Никто даже не посмотрел в сторону штрейкбрехеров. Высокий костистый рабочий со шрамом на правой щеке подошел к столу, взял бутылку с водкой и с размаху бросил ее на пол. Бутылка, глухо стукнувшись, разбилась.
Остальные, как по команде, убрали со стола водку. Один из тульчан, самый старший, — это его бутылку разбили, — пошел к своей койке и лег.
После обеда на работу никто не пошел. Зря корпорация потратилась на водку.
Первое время Майя ждала Федора домой. Но прошла неделя, другая, а он все не приходил. Обезумевшая от тоски и горя, она ходила по прииску, стараясь разузнать, в чем обвиняют ее мужа. Майя знала, что вместе с Федором арестовали еще троих и среди них — Трошка. Но за что их посадили в арестантскую — толком никто не знал. Кто-то посоветовал Майе пожаловаться «доброму господину» Константину Николаевичу, попросить, чтобы он заступился за Федора.
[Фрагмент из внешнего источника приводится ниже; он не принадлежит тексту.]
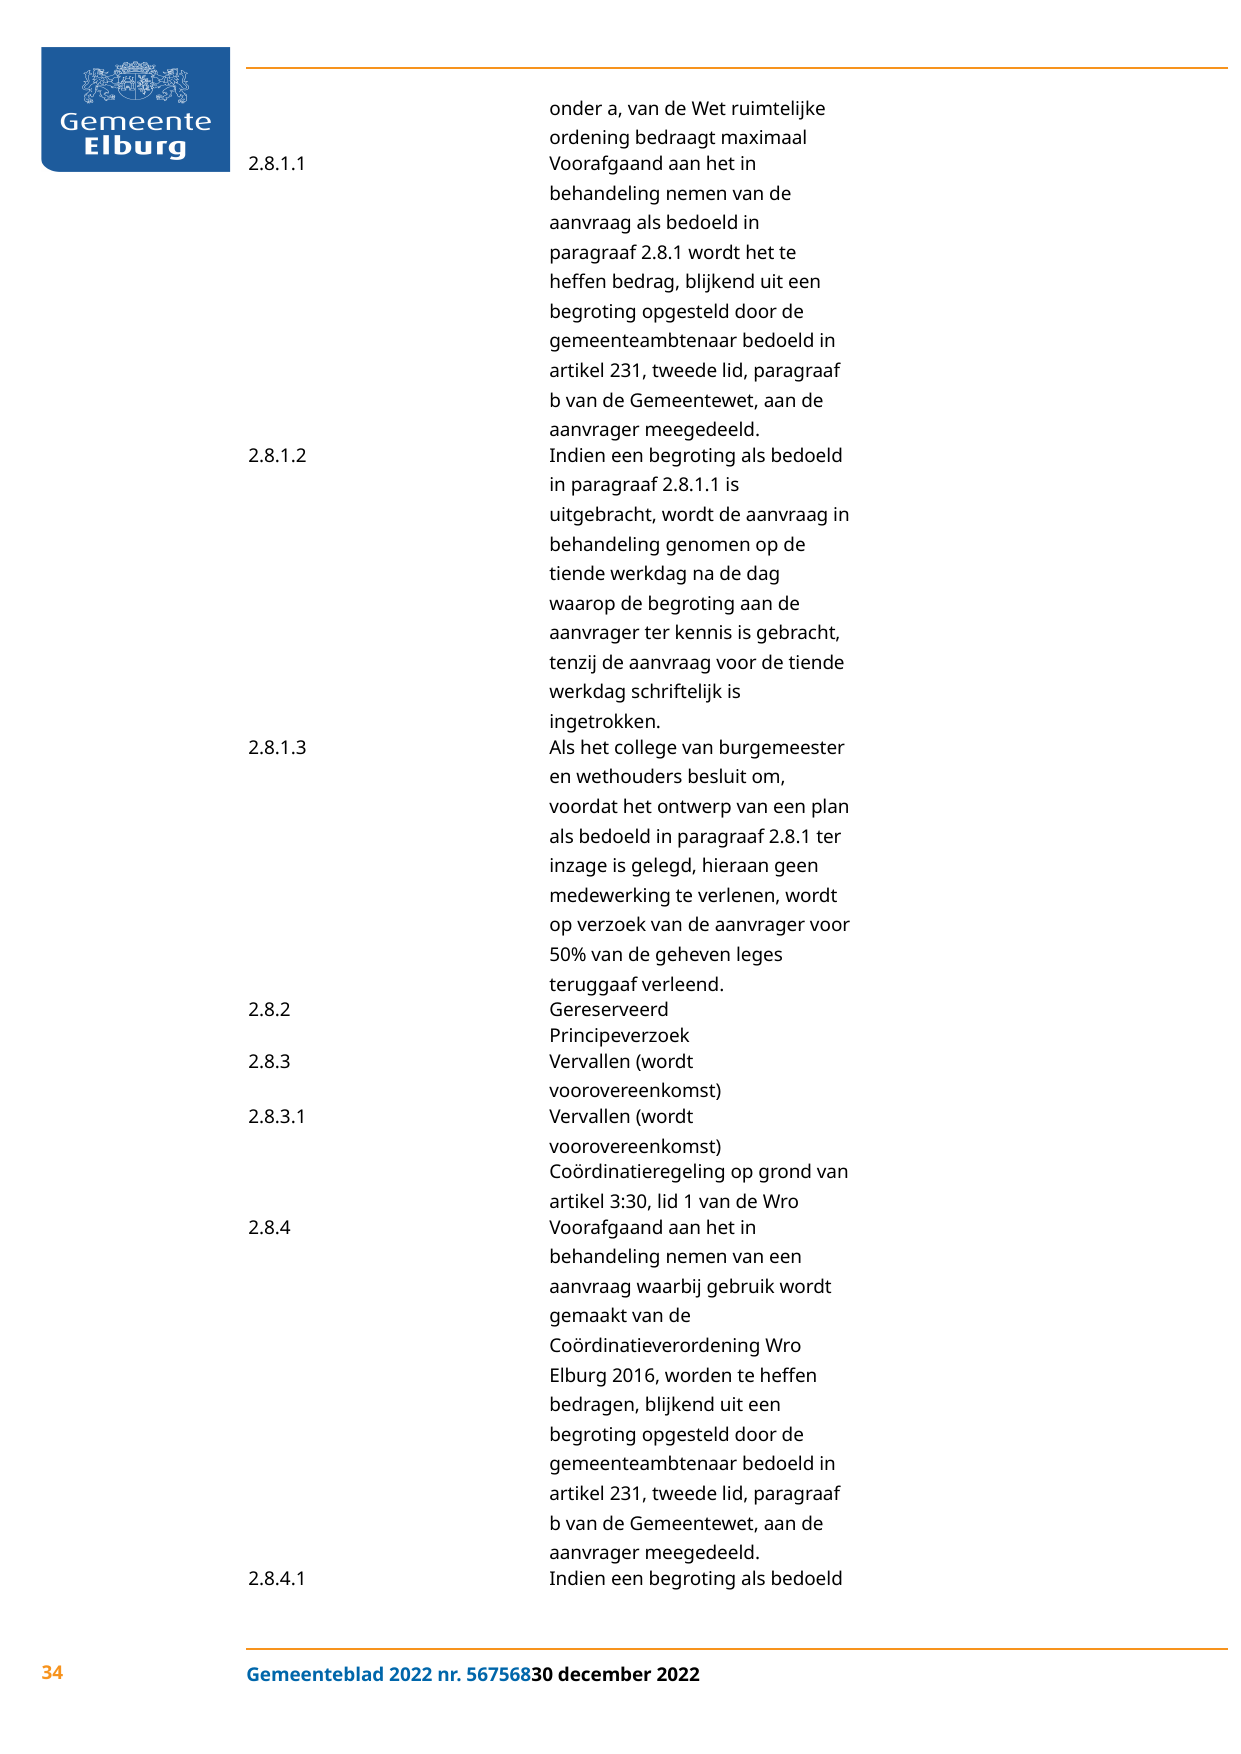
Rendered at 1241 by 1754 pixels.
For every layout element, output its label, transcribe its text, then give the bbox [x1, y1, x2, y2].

table_cell Als het college van burgemeester en wethouders besluit om, voordat het ontwerp van een plan als bedoeld in paragraaf 2.8.1 ter inzage is gelegd, hieraan geen medewerking te verlenen, wordt op verzoek van de aanvrager voor 50% van de geheven leges teruggaaf verleend. [549, 734, 850, 996]
table_cell 2.8.3 [248, 1048, 549, 1103]
table_cell 2.8.1.1 [248, 150, 549, 442]
table_cell Indien een begroting als bedoeld [549, 1565, 850, 1591]
table_cell Voorafgaand aan het in behandeling nemen van de aanvraag als bedoeld in paragraaf 2.8.1 wordt het te heffen bedrag, blijkend uit een begroting opgesteld door de gemeenteambtenaar bedoeld in artikel 231, tweede lid, paragraaf b van de Gemeentewet, aan de aanvrager meegedeeld. [549, 150, 850, 442]
table_cell 2.8.2 [248, 996, 549, 1022]
table_cell 2.8.3.1 [248, 1103, 549, 1158]
table_cell [850, 1565, 1152, 1591]
table_cell [850, 1214, 1152, 1565]
table_cell [850, 150, 1152, 442]
table_cell Coördinatieregeling op grond van artikel 3:30, lid 1 van de Wro [549, 1159, 850, 1214]
table_cell 2.8.4 [248, 1214, 549, 1565]
table_cell 2.8.4.1 [248, 1565, 549, 1591]
table_cell onder a, van de Wet ruimtelijke ordening bedraagt maximaal [549, 95, 850, 150]
table_cell Vervallen (wordt voorovereenkomst) [549, 1103, 850, 1158]
table_cell Vervallen (wordt voorovereenkomst) [549, 1048, 850, 1103]
table_cell [850, 442, 1152, 734]
picture [41, 47, 231, 172]
table_cell [850, 1103, 1152, 1158]
table_cell [248, 1159, 549, 1214]
table_cell [850, 1048, 1152, 1103]
table_cell Indien een begroting als bedoeld in paragraaf 2.8.1.1 is uitgebracht, wordt de aanvraag in behandeling genomen op de tiende werkdag na de dag waarop de begroting aan de aanvrager ter kennis is gebracht, tenzij de aanvraag voor de tiende werkdag schriftelijk is ingetrokken. [549, 442, 850, 734]
table_cell [248, 95, 549, 150]
table_cell [850, 1022, 1152, 1048]
table_cell [850, 1159, 1152, 1214]
table_cell Gereserveerd [549, 996, 850, 1022]
table_cell [850, 734, 1152, 996]
table_cell Voorafgaand aan het in behandeling nemen van een aanvraag waarbij gebruik wordt gemaakt van de Coördinatieverordening Wro Elburg 2016, worden te heffen bedragen, blijkend uit een begroting opgesteld door de gemeenteambtenaar bedoeld in artikel 231, tweede lid, paragraaf b van de Gemeentewet, aan de aanvrager meegedeeld. [549, 1214, 850, 1565]
table_cell [850, 95, 1152, 150]
table_cell [248, 1022, 549, 1048]
table_cell [850, 996, 1152, 1022]
table_cell 2.8.1.2 [248, 442, 549, 734]
table_cell 2.8.1.3 [248, 734, 549, 996]
table_cell Principeverzoek [549, 1022, 850, 1048]

Майя дня два ловила Коршунова, пока ей наконец не повезло: идя с Семенчиком по поселку, она увидела, что инженер зашел в барак. Майя вошла почти следом за Коршуновым и, приткнувшись у порога, стала ждать, когда инженер закончит разговор со стариками. Беседа текла медленно, степенно. Старики никуда не спешили, но пожаловаться им было на что, и они обстоятельно изливали «доброму господину» свои обиды на хозяев.
Коршунов умел слушать собеседников, но на этот раз ему хотелось и самому кое-что сказать старикам, а именно, что корпорация по-прежнему надеется найти с рабочими общий язык, но для этого надобно, чтобы люди вышли на работу. Сейчас все ожесточились: и рабочие, и хозяева. А когда люди ожесточены, они делаются несговорчивыми. Нужно, чтобы лед тронулся, души смягчились, и тогда, Коршунов в этом уверен, рабочим о многом удастся договориться с золотопромышленниками. Но чтобы лед тронулся, нужно выйти на работу. Кто-кто, а Коршунов не желает зла рабочим.